Sunday, August 16, 2015

Perlukah Guru Meneliti?

Benarkah guru harus meneliti dan mempublikasikan hasilnya di jurnal ilmiah?
Sumber gambar: http://ierf.org/images/uploads/research_grants_ind1.jpg

Seorang ketua organisasi guru baru-baru ini mencetuskan bahwa guru seharusnya tidak dibebani kewajiban untuk meneliti. Pendapat ini adalah protes terhadap peraturan menteri pendidikan yang menetapkan publikasi karya ilmiah sebagai syarat untuk kenaikan pangkat guru. Persyaratan ini seharusnya gugur, menurut argumen pak ketua, karena undang-undang yang melandasi peraturan menteri tersebut tidak menyebutkan penelitian sebagai bagian dari tugas guru. 

Argumen pak ketua sepintas tampak seperti sasaran empuk untuk dikritik balik. Tentu saja guru harus meneliti. Guru adalah tenaga profesional, bukan buruh atau pekerja manual. Guru harus inovatif dan tidak sekedar menjalankan pengajaran sebagai tugas rutin semata. Keberatan atas persyaratan meneliti dan membuat publikasi ilmiah itu hanya menunjukkan kemalasan dan inkompetensi. Itu alasan yang hanya pantas diajukan guru yang belum bertransformasi menjadi tenaga profesional. 

Semua itu betul.
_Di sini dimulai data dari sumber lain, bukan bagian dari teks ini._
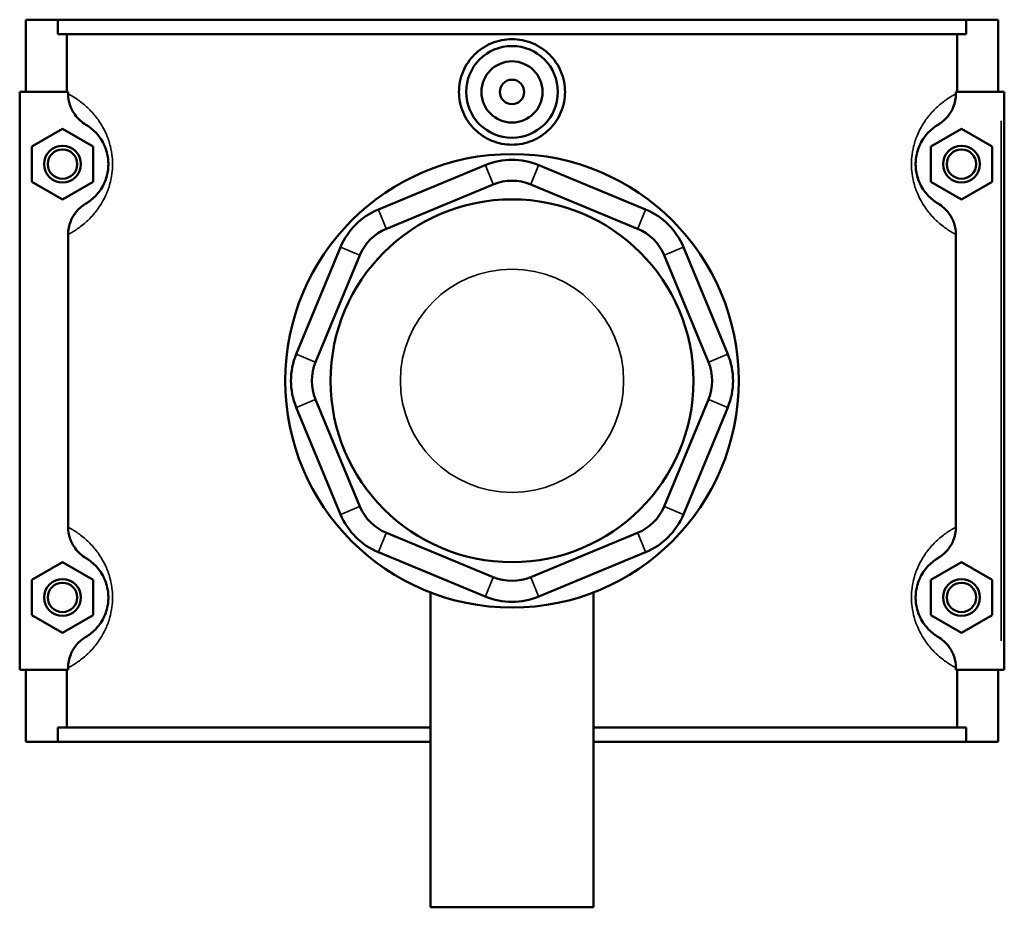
# Model space of a CAD drawing. Header units: inches. Extents: x -1 to 48.3, y -1.4 to 47.7.
# Tile 5 of 8: x 15.9 to 22.2, y 31.6 to 37.3. Entities that reach past the tile are written whole.
import ezdxf

# ---------------------------------------------------------------- set-up
doc = ezdxf.new("R2010")
doc.units = ezdxf.units.IN
doc.header["$MEASUREMENT"] = 0
doc.layers.add('Visible (ANSI)', color=7, linetype='Continuous', lineweight=50)
doc.layers.add('Visible Narrow (ANSI)', color=7, linetype='Continuous', lineweight=35)

msp = doc.modelspace()

# ---------------------------------------------------------------- linework, layer by layer
at = {"layer": 'Visible (ANSI)'}
for p, q in [((15.8919, 37.3092), (15.8919, 36.8442)), ((15.8919, 37.3092), (16.097, 37.3092)), ((16.097, 37.3092), (21.9467, 37.3092)), ((16.097, 37.2162), (16.097, 37.3092)), ((21.9467, 37.3092), (21.9467, 37.2162)), ((21.9467, 37.3092), (22.1519, 37.3092)), ((22.1519, 37.3092), (22.1519, 36.8442)), ((21.9467, 37.2162), (16.097, 37.2162)), ((16.1565, 36.8442), (16.1565, 37.2162)), ((21.8872, 36.8442), (21.8872, 37.2162)), ((16.1645, 36.8442), (15.8525, 36.8442)), ((15.8525, 36.8442), (15.8525, 33.1242)), ((16.1645, 36.8442), (16.1645, 36.8316)), ((21.8792, 36.8316), (21.8792, 36.8442)), ((21.8792, 36.8442), (22.1715, 36.8442)), ((22.1715, 36.8442), (22.1912, 36.8442)), ((22.1912, 33.1242), (22.1912, 36.8442)), ((15.9312, 36.4928), (16.1281, 36.6065)), ((16.1281, 36.6065), (16.3249, 36.4928)), ((21.9156, 36.6065), (21.7188, 36.4928)), ((22.1125, 36.4928), (21.9156, 36.6065)), ((15.9312, 36.2655), (15.9312, 36.4928)), ((16.3249, 36.4928), (16.3249, 36.2655)), ((21.7188, 36.4928), (21.7188, 36.2655)), ((22.1125, 36.2655), (22.1125, 36.4928)), ((18.85, 36.3729), (18.1614, 36.0877)), ((19.8823, 36.0877), (19.1938, 36.3729)), ((16.1281, 36.1519), (15.9312, 36.2655)), ((16.3249, 36.2655), (16.1281, 36.1519)), ((21.7188, 36.2655), (21.9156, 36.1519)), ((21.9156, 36.1519), (22.1125, 36.2655)), ((18.213, 35.9632), (18.9015, 36.2484)), ((19.1422, 36.2484), (19.8307, 35.9632)), ((16.1645, 35.9268), (16.1645, 34.0416)), ((21.8792, 34.0416), (21.8792, 35.9268)), ((17.9183, 35.8446), (17.6331, 35.1561)), ((20.4106, 35.1561), (20.1254, 35.8446)), ((17.7576, 35.1045), (18.0428, 35.7931)), ((20.0009, 35.7931), (20.2861, 35.1045)), ((18.0428, 34.1753), (17.7576, 34.8639)), ((20.2861, 34.8639), (20.0009, 34.1753)), ((17.6331, 34.8123), (17.9183, 34.1238)), ((20.1254, 34.1238), (20.4106, 34.8123)), ((18.9015, 33.72), (18.213, 34.0052)), ((19.8307, 34.0052), (19.1422, 33.72)), ((18.1614, 33.8807), (18.85, 33.5955)), ((19.1938, 33.5955), (19.8823, 33.8807)), ((15.9312, 33.7028), (16.1281, 33.8165)), ((16.1281, 33.8165), (16.3249, 33.7028)), ((21.9156, 33.8165), (21.7188, 33.7028)), ((22.1125, 33.7028), (21.9156, 33.8165)), ((15.9312, 33.4755), (15.9312, 33.7028)), ((16.3249, 33.7028), (16.3249, 33.4755)), ((21.7188, 33.7028), (21.7188, 33.4755)), ((22.1125, 33.4755), (22.1125, 33.7028)), ((18.4982, 33.6214), (18.4982, 31.5942)), ((19.5455, 33.6214), (19.5455, 31.5942)), ((16.1281, 33.3619), (15.9312, 33.4755)), ((16.3249, 33.4755), (16.1281, 33.3619)), ((21.7188, 33.4755), (21.9156, 33.3619)), ((21.9156, 33.3619), (22.1125, 33.4755)), ((15.8525, 33.1242), (16.1645, 33.1242)), ((15.8919, 33.1242), (15.8919, 32.6592)), ((16.1565, 32.7522), (16.1565, 33.1242)), ((16.1645, 33.1368), (16.1645, 33.1242)), ((21.8792, 33.1242), (21.8792, 33.1368)), ((22.1715, 33.1242), (21.8792, 33.1242)), ((21.8872, 32.7522), (21.8872, 33.1242)), ((22.1519, 33.1242), (22.1519, 32.6592)), ((22.1912, 33.1242), (22.1715, 33.1242)), ((18.4982, 32.7522), (16.097, 32.7522)), ((16.097, 32.6592), (16.097, 32.7522)), ((21.9467, 32.7522), (19.5455, 32.7522)), ((21.9467, 32.7522), (21.9467, 32.6592)), ((16.097, 32.6592), (15.8919, 32.6592)), ((16.097, 32.6592), (18.4982, 32.6592)), ((19.5455, 32.6592), (21.9467, 32.6592)), ((22.1519, 32.6592), (21.9467, 32.6592)), ((18.4982, 31.5942), (19.5455, 31.5942))]:
    msp.add_line(p, q, dxfattribs=at)
for centre, radius in [((19.0219, 36.8442), 0.2953), ((19.0219, 36.8442), 0.1969), ((19.0219, 36.8442), 0.0787), ((16.1281, 36.3792), 0.1181), ((16.1281, 36.3792), 0.0945), ((21.9156, 36.3792), 0.1181), ((21.9156, 36.3792), 0.0945), ((19.0219, 34.9842), 1.4599), ((19.0219, 34.9842), 1.168), ((16.1281, 33.5892), 0.1181), ((16.1281, 33.5892), 0.0945), ((21.9156, 33.5892), 0.1181), ((21.9156, 33.5892), 0.0945)]:
    msp.add_circle(centre, radius, dxfattribs=at)
for centre, radius, start, end in [((19.0219, 35.9579), 0.4492, 67.5, 112.5), ((19.0219, 35.9579), 0.3144, 67.5, 112.5), ((18.3333, 35.6727), 0.4492, 112.5, 157.5), ((19.7104, 35.6727), 0.4492, 22.5, 67.5), ((18.3333, 35.6727), 0.3144, 112.5, 157.5), ((19.7104, 35.6727), 0.3144, 22.5, 67.5), ((18.0481, 34.9842), 0.4492, 157.5, 202.5), ((19.9956, 34.9842), 0.4492, 337.5, 22.5), ((18.0481, 34.9842), 0.3144, 157.5, 202.5), ((19.9956, 34.9842), 0.3144, 337.5, 22.5), ((18.3333, 34.2957), 0.3144, 202.5, 247.5), ((19.7104, 34.2957), 0.3144, 292.5, 337.5), ((18.3333, 34.2957), 0.4492, 202.5, 247.5), ((19.7104, 34.2957), 0.4492, 292.5, 337.5), ((19.0219, 34.0105), 0.3144, 247.5, 292.5), ((19.0219, 34.0105), 0.4492, 247.5, 292.5)]:
    msp.add_arc(centre, radius, start, end, dxfattribs=at)
for points, knots in [([(19.3633, 36.8442), (19.3633, 36.8014), (19.3546, 36.7557), (19.3196, 36.6719), (19.2932, 36.6338), (19.2326, 36.5736), (19.1942, 36.5475), (19.1103, 36.513), (19.0646, 36.5045), (18.9791, 36.5045), (18.9335, 36.513), (18.8495, 36.5475), (18.8111, 36.5736), (18.7505, 36.6338), (18.7241, 36.6719), (18.6891, 36.7557), (18.6804, 36.8014), (18.6804, 36.887), (18.6891, 36.9326), (18.7241, 37.0165), (18.7505, 37.0546), (18.8111, 37.1148), (18.8495, 37.1408), (18.9335, 37.1754), (18.9791, 37.1839), (19.0646, 37.1839), (19.1103, 37.1754), (19.1942, 37.1408), (19.2326, 37.1148), (19.2932, 37.0546), (19.3196, 37.0165), (19.3546, 36.9326), (19.3633, 36.887), (19.3633, 36.8442)], [0, 0, 0, 0, 0.326333, 0.326333, 0.652666, 0.652666, 0.97861, 0.97861, 1.304554, 1.304554, 1.630498, 1.630498, 1.956443, 1.956443, 2.282775, 2.282775, 2.609108, 2.609108, 2.935441, 2.935441, 3.261774, 3.261774, 3.587718, 3.587718, 3.913662, 3.913662, 4.239607, 4.239607, 4.565551, 4.565551, 4.891884, 4.891884, 5.218216, 5.218216, 5.218216, 5.218216]), ([(16.1645, 36.8316), (16.1645, 36.8073), (16.1685, 36.7831), (16.1839, 36.7371), (16.1952, 36.7154), (16.2284, 36.6704), (16.2522, 36.649), (16.2793, 36.6328)], [-0.6116053, -0.6116053, -0.6116053, -0.6116053, -0.4261876, -0.4261876, -0.2412182, -0.2412182, 0, 0, 0, 0]), ([(21.7644, 36.6328), (21.7863, 36.6458), (21.806, 36.6623), (21.8395, 36.701), (21.8531, 36.7231), (21.8736, 36.7739), (21.8792, 36.8026), (21.8792, 36.8316)], [-0.6110334, -0.6110334, -0.6110334, -0.6110334, -0.4169543, -0.4169543, -0.2208786, -0.2208786, 0, 0, 0, 0]), ([(16.2793, 36.6328), (16.2856, 36.629), (16.2927, 36.6245), (16.3101, 36.612), (16.3209, 36.6034), (16.3418, 36.5833), (16.3517, 36.5727), (16.3702, 36.5488), (16.3788, 36.536), (16.3925, 36.5112), (16.3977, 36.5003), (16.4078, 36.475), (16.4125, 36.4602), (16.4189, 36.4317), (16.421, 36.4185), (16.423, 36.3964), (16.4234, 36.3878), (16.4234, 36.3792), (16.4234, 36.3706), (16.423, 36.3619), (16.421, 36.3399), (16.4189, 36.3267), (16.4125, 36.2982), (16.4078, 36.2834), (16.3977, 36.2581), (16.3925, 36.2472), (16.3788, 36.2224), (16.3702, 36.2096), (16.3517, 36.1857), (16.3418, 36.1751), (16.3209, 36.155), (16.3101, 36.1464), (16.2927, 36.1339), (16.2856, 36.1294), (16.2793, 36.1256)], [0.684808, 0.684808, 0.684808, 0.684808, 1.066831, 1.066831, 1.547853, 1.547853, 1.933859, 1.933859, 2.261983, 2.261983, 2.476964, 2.476964, 2.7169, 2.7169, 2.902021, 2.902021, 3.017722, 3.017722, 3.017722, 3.133422, 3.133422, 3.318544, 3.318544, 3.55848, 3.55848, 3.773461, 3.773461, 4.101584, 4.101584, 4.48759, 4.48759, 4.968612, 4.968612, 5.350636, 5.350636, 5.350636, 5.350636]), ([(21.7644, 36.1256), (21.7581, 36.1294), (21.751, 36.1339), (21.7336, 36.1464), (21.7228, 36.155), (21.7019, 36.1751), (21.692, 36.1857), (21.6735, 36.2096), (21.6649, 36.2224), (21.6513, 36.2472), (21.646, 36.2581), (21.636, 36.2834), (21.6312, 36.2982), (21.6248, 36.3267), (21.6227, 36.3399), (21.6207, 36.3619), (21.6204, 36.3706), (21.6204, 36.3792), (21.6204, 36.3878), (21.6207, 36.3964), (21.6227, 36.4185), (21.6248, 36.4317), (21.6312, 36.4602), (21.636, 36.475), (21.646, 36.5003), (21.6513, 36.5112), (21.6649, 36.536), (21.6735, 36.5488), (21.692, 36.5727), (21.7019, 36.5833), (21.7228, 36.6034), (21.7336, 36.612), (21.751, 36.6245), (21.7581, 36.629), (21.7644, 36.6328)], [0.684808, 0.684808, 0.684808, 0.684808, 1.066832, 1.066832, 1.547854, 1.547854, 1.933859, 1.933859, 2.261983, 2.261983, 2.476964, 2.476964, 2.7169, 2.7169, 2.902021, 2.902021, 3.017722, 3.017722, 3.017722, 3.133422, 3.133422, 3.318544, 3.318544, 3.55848, 3.55848, 3.773461, 3.773461, 4.101584, 4.101584, 4.48759, 4.48759, 4.968611, 4.968611, 5.350636, 5.350636, 5.350636, 5.350636]), ([(16.2793, 36.1256), (16.2575, 36.1126), (16.2377, 36.0961), (16.2042, 36.0574), (16.1906, 36.0353), (16.1701, 35.9845), (16.1645, 35.9558), (16.1645, 35.9268)], [-0.6110334, -0.6110334, -0.6110334, -0.6110334, -0.4169543, -0.4169543, -0.2208786, -0.2208786, 0, 0, 0, 0]), ([(21.8792, 35.9268), (21.8792, 35.9511), (21.8753, 35.9753), (21.8598, 36.0213), (21.8485, 36.043), (21.8153, 36.088), (21.7916, 36.1094), (21.7644, 36.1256)], [-0.6116053, -0.6116053, -0.6116053, -0.6116053, -0.4261876, -0.4261876, -0.2412182, -0.2412182, 0, 0, 0, 0]), ([(16.1645, 34.0416), (16.1645, 34.0173), (16.1685, 33.9931), (16.1839, 33.9471), (16.1952, 33.9254), (16.2284, 33.8804), (16.2522, 33.859), (16.2793, 33.8428)], [-0.6116053, -0.6116053, -0.6116053, -0.6116053, -0.4261876, -0.4261876, -0.2412182, -0.2412182, 0, 0, 0, 0]), ([(21.7644, 33.8428), (21.7863, 33.8558), (21.806, 33.8723), (21.8395, 33.911), (21.8531, 33.9331), (21.8736, 33.9839), (21.8792, 34.0126), (21.8792, 34.0416)], [-0.6110334, -0.6110334, -0.6110334, -0.6110334, -0.4169543, -0.4169543, -0.2208786, -0.2208786, 0, 0, 0, 0]), ([(16.2793, 33.8428), (16.2856, 33.839), (16.2927, 33.8345), (16.3101, 33.822), (16.3209, 33.8134), (16.3418, 33.7933), (16.3517, 33.7827), (16.3702, 33.7588), (16.3788, 33.746), (16.3925, 33.7212), (16.3977, 33.7103), (16.4078, 33.685), (16.4125, 33.6702), (16.4189, 33.6417), (16.421, 33.6285), (16.423, 33.6064), (16.4234, 33.5978), (16.4234, 33.5892), (16.4234, 33.5806), (16.423, 33.5719), (16.421, 33.5499), (16.4189, 33.5367), (16.4125, 33.5082), (16.4078, 33.4934), (16.3977, 33.4681), (16.3925, 33.4572), (16.3788, 33.4324), (16.3702, 33.4196), (16.3517, 33.3957), (16.3418, 33.3851), (16.3209, 33.365), (16.3101, 33.3564), (16.2927, 33.3439), (16.2856, 33.3394), (16.2793, 33.3356)], [0.684808, 0.684808, 0.684808, 0.684808, 1.066832, 1.066832, 1.547853, 1.547853, 1.933859, 1.933859, 2.261983, 2.261983, 2.476964, 2.476964, 2.7169, 2.7169, 2.902021, 2.902021, 3.017722, 3.017722, 3.017722, 3.133422, 3.133422, 3.318544, 3.318544, 3.55848, 3.55848, 3.773461, 3.773461, 4.101584, 4.101584, 4.48759, 4.48759, 4.968612, 4.968612, 5.350636, 5.350636, 5.350636, 5.350636]), ([(21.7644, 33.3356), (21.7581, 33.3394), (21.751, 33.3439), (21.7336, 33.3564), (21.7228, 33.365), (21.7019, 33.3851), (21.692, 33.3957), (21.6735, 33.4196), (21.6649, 33.4324), (21.6513, 33.4572), (21.646, 33.4681), (21.636, 33.4934), (21.6312, 33.5082), (21.6248, 33.5367), (21.6227, 33.5499), (21.6207, 33.5719), (21.6204, 33.5806), (21.6204, 33.5892), (21.6204, 33.5978), (21.6207, 33.6064), (21.6227, 33.6285), (21.6248, 33.6417), (21.6312, 33.6702), (21.636, 33.685), (21.646, 33.7103), (21.6513, 33.7212), (21.6649, 33.746), (21.6735, 33.7588), (21.692, 33.7827), (21.7019, 33.7933), (21.7228, 33.8134), (21.7336, 33.822), (21.751, 33.8345), (21.7581, 33.839), (21.7644, 33.8428)], [0.684727, 0.684727, 0.684727, 0.684727, 1.066752, 1.066752, 1.547774, 1.547774, 1.933779, 1.933779, 2.261903, 2.261903, 2.476883, 2.476883, 2.716819, 2.716819, 2.90194, 2.90194, 3.017641, 3.017641, 3.017641, 3.133342, 3.133342, 3.318463, 3.318463, 3.558399, 3.558399, 3.773379, 3.773379, 4.101503, 4.101503, 4.487508, 4.487508, 4.968529, 4.968529, 5.350555, 5.350555, 5.350555, 5.350555]), ([(16.2793, 33.3356), (16.2575, 33.3226), (16.2377, 33.3061), (16.2042, 33.2674), (16.1906, 33.2453), (16.1701, 33.1945), (16.1645, 33.1658), (16.1645, 33.1368)], [-0.6110334, -0.6110334, -0.6110334, -0.6110334, -0.4169543, -0.4169543, -0.2208786, -0.2208786, 0, 0, 0, 0]), ([(21.8792, 33.1368), (21.8792, 33.1611), (21.8753, 33.1853), (21.8598, 33.2313), (21.8485, 33.253), (21.8153, 33.298), (21.7916, 33.3194), (21.7644, 33.3356)], [-0.6116053, -0.6116053, -0.6116053, -0.6116053, -0.4261876, -0.4261876, -0.2412182, -0.2412182, 0, 0, 0, 0])]:
    msp.add_open_spline(points, degree=3, knots=knots, dxfattribs=at)
at = {"layer": 'Visible Narrow (ANSI)'}
for p, q in [((22.1715, 36.6582), (22.1715, 33.3102)), ((18.8989, 36.2547), (18.8525, 36.3667)), ((19.1448, 36.2547), (19.1912, 36.3667)), ((18.164, 36.0815), (18.2104, 35.9695)), ((19.8333, 35.9695), (19.8797, 36.0815)), ((18.0366, 35.7956), (17.9245, 35.842)), ((20.0071, 35.7956), (20.1192, 35.842)), ((17.7514, 35.1071), (17.6393, 35.1535)), ((20.2923, 35.1071), (20.4044, 35.1535)), ((17.7514, 34.8613), (17.6393, 34.8149)), ((20.2923, 34.8613), (20.4044, 34.8149)), ((18.0366, 34.1728), (17.9245, 34.1263)), ((20.0071, 34.1728), (20.1192, 34.1263)), ((18.2104, 33.9989), (18.164, 33.8869)), ((19.8333, 33.9989), (19.8797, 33.8869)), ((18.8989, 33.7137), (18.8525, 33.6017)), ((19.1448, 33.7137), (19.1912, 33.6017))]:
    msp.add_line(p, q, dxfattribs=at)
msp.add_circle((19.0219, 34.9842), 0.7187, dxfattribs=at)
for points, knots in [([(16.1645, 35.9268), (16.1791, 35.9345), (16.1962, 35.9442), (16.2341, 35.9693), (16.2547, 35.9845), (16.2947, 36.0198), (16.3135, 36.0385), (16.3488, 36.0806), (16.3652, 36.1031), (16.3912, 36.1468), (16.4012, 36.1659), (16.4204, 36.2105), (16.4294, 36.2366), (16.4417, 36.2868), (16.4457, 36.31), (16.4494, 36.3488), (16.4501, 36.364), (16.4501, 36.3792), (16.4501, 36.3944), (16.4494, 36.4096), (16.4457, 36.4484), (16.4417, 36.4716), (16.4294, 36.5218), (16.4204, 36.5478), (16.4012, 36.5925), (16.3912, 36.6115), (16.3652, 36.6553), (16.3488, 36.6777), (16.3135, 36.7199), (16.2947, 36.7386), (16.2547, 36.7739), (16.2341, 36.7891), (16.1962, 36.8142), (16.1791, 36.8239), (16.1645, 36.8316)], [-5.471779, -5.471779, -5.471779, -5.471779, -4.968612, -4.968612, -4.48759, -4.48759, -4.101584, -4.101584, -3.773461, -3.773461, -3.55848, -3.55848, -3.318544, -3.318544, -3.133422, -3.133422, -3.017722, -3.017722, -3.017722, -2.902021, -2.902021, -2.7169, -2.7169, -2.476964, -2.476964, -2.261983, -2.261983, -1.933859, -1.933859, -1.547853, -1.547853, -1.066831, -1.066831, -0.563664, -0.563664, -0.563664, -0.563664]), ([(21.8792, 36.8316), (21.8646, 36.8239), (21.8475, 36.8142), (21.8096, 36.7891), (21.789, 36.7739), (21.749, 36.7386), (21.7303, 36.7199), (21.6949, 36.6777), (21.6785, 36.6553), (21.6525, 36.6115), (21.6426, 36.5925), (21.6233, 36.5478), (21.6143, 36.5218), (21.602, 36.4716), (21.598, 36.4484), (21.5943, 36.4096), (21.5936, 36.3944), (21.5936, 36.3792), (21.5936, 36.364), (21.5943, 36.3488), (21.598, 36.31), (21.602, 36.2868), (21.6143, 36.2366), (21.6233, 36.2105), (21.6426, 36.1659), (21.6525, 36.1468), (21.6785, 36.1031), (21.6949, 36.0806), (21.7303, 36.0385), (21.749, 36.0198), (21.789, 35.9845), (21.8096, 35.9693), (21.8475, 35.9442), (21.8646, 35.9345), (21.8792, 35.9268)], [-5.471779, -5.471779, -5.471779, -5.471779, -4.968611, -4.968611, -4.48759, -4.48759, -4.101584, -4.101584, -3.773461, -3.773461, -3.55848, -3.55848, -3.318544, -3.318544, -3.133422, -3.133422, -3.017722, -3.017722, -3.017722, -2.902021, -2.902021, -2.7169, -2.7169, -2.476964, -2.476964, -2.261983, -2.261983, -1.933859, -1.933859, -1.547854, -1.547854, -1.066832, -1.066832, -0.563664, -0.563664, -0.563664, -0.563664]), ([(16.1645, 33.1368), (16.1791, 33.1445), (16.1962, 33.1542), (16.2341, 33.1793), (16.2547, 33.1945), (16.2947, 33.2298), (16.3135, 33.2485), (16.3488, 33.2906), (16.3652, 33.3131), (16.3912, 33.3568), (16.4012, 33.3759), (16.4204, 33.4205), (16.4294, 33.4466), (16.4417, 33.4968), (16.4457, 33.52), (16.4494, 33.5588), (16.4501, 33.574), (16.4501, 33.5892), (16.4501, 33.6044), (16.4494, 33.6196), (16.4457, 33.6584), (16.4417, 33.6816), (16.4294, 33.7318), (16.4204, 33.7578), (16.4012, 33.8025), (16.3912, 33.8215), (16.3652, 33.8653), (16.3488, 33.8877), (16.3135, 33.9299), (16.2947, 33.9486), (16.2547, 33.9839), (16.2341, 33.9991), (16.1962, 34.0242), (16.1791, 34.0339), (16.1645, 34.0416)], [-5.471779, -5.471779, -5.471779, -5.471779, -4.968612, -4.968612, -4.48759, -4.48759, -4.101584, -4.101584, -3.773461, -3.773461, -3.55848, -3.55848, -3.318544, -3.318544, -3.133422, -3.133422, -3.017722, -3.017722, -3.017722, -2.902021, -2.902021, -2.7169, -2.7169, -2.476964, -2.476964, -2.261983, -2.261983, -1.933859, -1.933859, -1.547853, -1.547853, -1.066832, -1.066832, -0.563664, -0.563664, -0.563664, -0.563664]), ([(21.8792, 34.0416), (21.8646, 34.0339), (21.8475, 34.0242), (21.8096, 33.9991), (21.789, 33.9839), (21.749, 33.9486), (21.7303, 33.9299), (21.6949, 33.8877), (21.6785, 33.8653), (21.6525, 33.8215), (21.6426, 33.8025), (21.6233, 33.7578), (21.6143, 33.7318), (21.602, 33.6816), (21.598, 33.6584), (21.5943, 33.6196), (21.5936, 33.6044), (21.5936, 33.5892), (21.5936, 33.574), (21.5943, 33.5588), (21.598, 33.52), (21.602, 33.4968), (21.6143, 33.4466), (21.6233, 33.4205), (21.6426, 33.3759), (21.6525, 33.3568), (21.6785, 33.3131), (21.6949, 33.2906), (21.7303, 33.2485), (21.749, 33.2298), (21.789, 33.1945), (21.8096, 33.1793), (21.8475, 33.1542), (21.8646, 33.1445), (21.8792, 33.1368)], [-5.471699, -5.471699, -5.471699, -5.471699, -4.968529, -4.968529, -4.487508, -4.487508, -4.101503, -4.101503, -3.773379, -3.773379, -3.558399, -3.558399, -3.318463, -3.318463, -3.133342, -3.133342, -3.017641, -3.017641, -3.017641, -2.90194, -2.90194, -2.716819, -2.716819, -2.476883, -2.476883, -2.261903, -2.261903, -1.933779, -1.933779, -1.547774, -1.547774, -1.066752, -1.066752, -0.563583, -0.563583, -0.563583, -0.563583])]:
    msp.add_open_spline(points, degree=3, knots=knots, dxfattribs=at)

doc.saveas('drawing.dxf')

Tapi di sisi lain, pendapat pak ketua di atas tak sepenuhnya keliru. Guru memang profesional. Namun apakah itu berarti guru harus meneliti dan melakukan publikasi ilmiah? Mari kita bandingkan dengan dokter dan insinyur, untuk menyebut dua profesi "tua" yang memiliki landasan keilmuan kokoh. Apakah seorang dokter harus meneliti dan menulis artikel ilmiah untuk bisa menangani pasien? Apakah seorang insinyur musti meneliti dan publikasi agar bisa membangun jembatan atau membuat perangkat teknologi? Tidak juga, kan? 

Sebagai profesional, dokter dan insinyur yang baik harus terus memutakhirkan pengetahuannya dengan membaca literatur ilmiah. Tapi ini berbeda dari melakukan penelitian, apalagi menerbitkan artikel di jurnal ilmiah. Jika demikian, apakah guru harus meneliti untuk bisa menjalankan profesinya dengan baik? Apa yang membuat profesi guru berbeda dari profesi-profesi lain seperti dokter dan insinyur?

Yang perlu dilakukan guru - dan profesional lain - adalah berpikir reflektif dan sistematis tentang praktiknya sendiri. Atau, dalam istilah Donald Schon, menjadi praktisi yang reflektif. Bila dilakukan dengan baik, proses refleksi sistematis ini memungkinkan guru terus memerbaiki pengajarannya. Problemnya adalah, refleksi bukanlah hal yang mudah dilakukan dengan baik. Refleksi menuntut kita menyadari dan menjaga jarak dari asumsi, prasangka kita sendiri. 

Refleksi sistematis perlu pembahasan tersendiri. Yang jelas, muara aktivitas ini bukan pada artikel jurnal ilmiah yang impersonal dan dingin. Hasil dari refleksi guru akan menemukan  tempatnya di forum-forum semi-formal yang interaktif dan memberi ruang untuk berdiskusi. Dan ini yang masih sangat kurang di Indonesia.